Le tumultueux feuilleton de la succession  de Victor Fotso est-il en passe de livrer son dernier épisode ? Il y a en tout cas, des raisons de penser. Trois ans après les obsèques du milliardaire décédé le 19 mars 2020 à l’hôpital américain de Neuilly-Sur-Seine, dans les hauts de Seines en France, la paix des braves au sein de la grande famille qu’il a laissée, semble être en voie de se réaliser, à en croire le journal Le Messager. Après plusieurs batailles judiciaires restées infructueuses autour de la succession et du testament, les orphelins et veuves du patriarche Bandjoun ont enfin obtenu une décision de justice en leur faveur ?

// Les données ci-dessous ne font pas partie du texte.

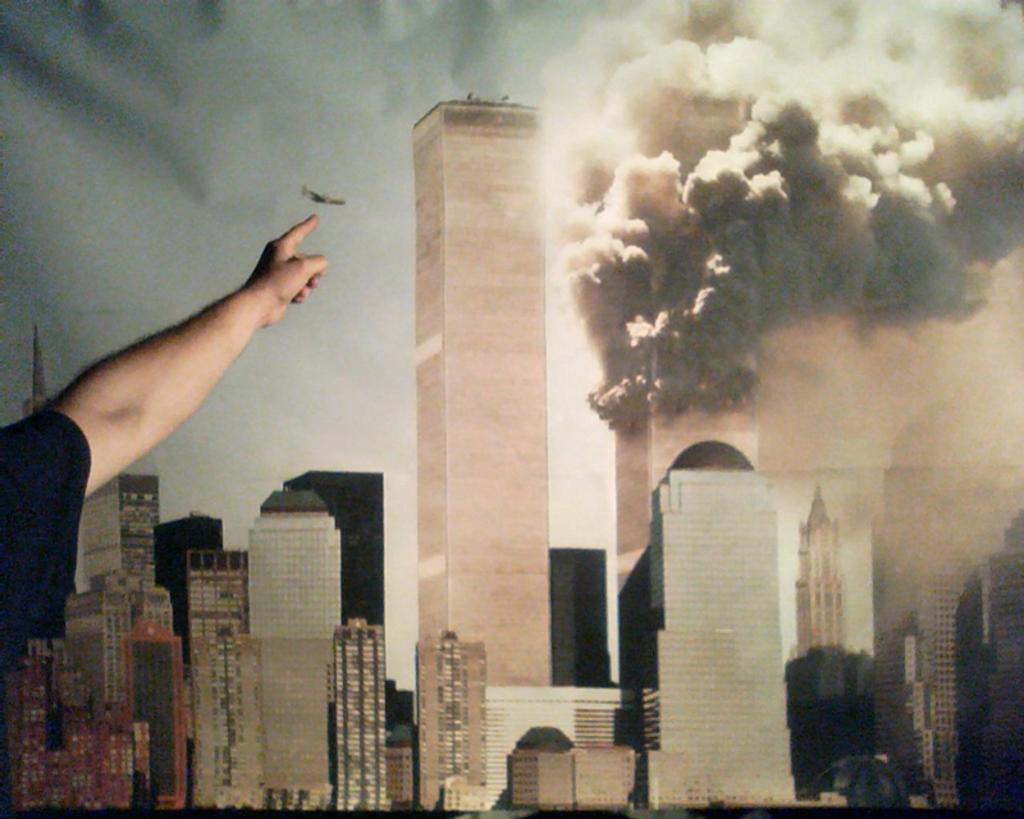Can you describe this image briefly? In this image we can see some person pointing to the painting and the painting consists of many buildings and we can also see the smoke releasing from the building. Sky is also visible in the painting.

En effet, en date du 4 juin 2023 le Tribunal de première instance de Douala-Bonanjo  a autorisé la convocation de l’Assemblée  générale de la société mère du groupe Fotso : la Sci Fow. Cette assemblée ne s’était pas tenue depuis plus de trois ans, apprend-on, parce que Dame Geremi Nitap s’y opposait. Et profitait de cela pour gérer la société en totale opacité, percevant et consommant les loyers sans rendre compte aux actionnaires que sont ayant droits.

Trafic d’influence

Cette décision vient à point nommée car, les frais de scolarité des enfants du défunt patriarche n’étaient plus pris en charge par les sociétés familiales. Malgré la désignation d’administrateur séquestre, « Madame Laure Fotso épouse Njitap,  n’a jamais voulu exécuter les décisions de justice, préférant laisser ses jeunes frères dans la désolation », confie un fils Fotso qui peine à cerner tous les conflits nés le lendemain de la disparition de son illustre papa.

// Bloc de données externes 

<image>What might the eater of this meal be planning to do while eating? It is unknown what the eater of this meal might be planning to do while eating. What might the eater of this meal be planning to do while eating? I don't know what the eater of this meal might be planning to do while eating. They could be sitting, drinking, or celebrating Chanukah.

La bonne nouvelle, c’est qu’à l’Assemblée générale convoquée permettra sans doute aux ayants droits de « révoquer la gérante en place (Madame Laure Fosto)-tel que mentionné au point 10 de l’extrait du plumitif. Une décision statutaire qui viendra mettre un terme au règne sans partage de la mise en cause dont les affidés ont tenté à plusieurs reprises, de faire du trafic d’influence aux magistrats commis à rendre la décision finale.

Si certains de ces hommes de loi acquis hier à la cause de l’épouse de l’ancien Lion indomptable ont paralysé l’avancée de ces procédures au détriment des ayants droits qui croupissent dans la misère, ceux qui sont à l’origine de ce nouveau verdict, endentent rappeler que le Cameroun est un Etat de droit et donc soucieux  d’une justice transparente et en toute équité.

La dénonciation des transactions

Résultats des courses : le droit a été dit en faveur des veuves et des déshérités. Dans la foulée, il se susurre que celle qu’on appelle affectueusement « Mimi » a usé de tous les stratagèmes pour que cette Ag ne se tienne jamais, allant même jusqu’à appeler le successeur de la famille pour lui proférer des menaces non sans narguer de ce qu’il ne pourra jamais avoir gain de cause au sein des juridictions de la région du Littoral.

La décision du 6 juin dernier a failli tomber aux orties puisqu’à peine 2h après qu’il soit rendue, Dame Fotso avait obtenu un certificat de dépôt d’une défense en exécution signé de la Cour d’appel du Littoral et empêchant que cette décision soit applicable.

Dans le même temps, il est revenu que la famille Njitap, suivant une convention avec d’autres partenaires, envisage lancer à tout moment, sur les sites des ex-cinémas le Wouri et Abbia, la construction des complexes immobiliers contenant des salles de cinéma, espaces de Conférences et diverses autres facilités.

Une entreprise freinée par des autres ayants droits du feu Victor Fotso qui estiment, à leurs corps défendant, que ce qui est contenu d’appeler le patrimoine de Njitap, fait partie intégrante de nombreuses propriétés que le patriarche a laissé. Une posture qui s’appuie sur la dénonciation des transactions ayant abouti à la mutation du titre de propriété, faite dans un flou total, sans la signature de l’ensemble des 25 épouses légales de Fotso, toutes sur la communauté des biens.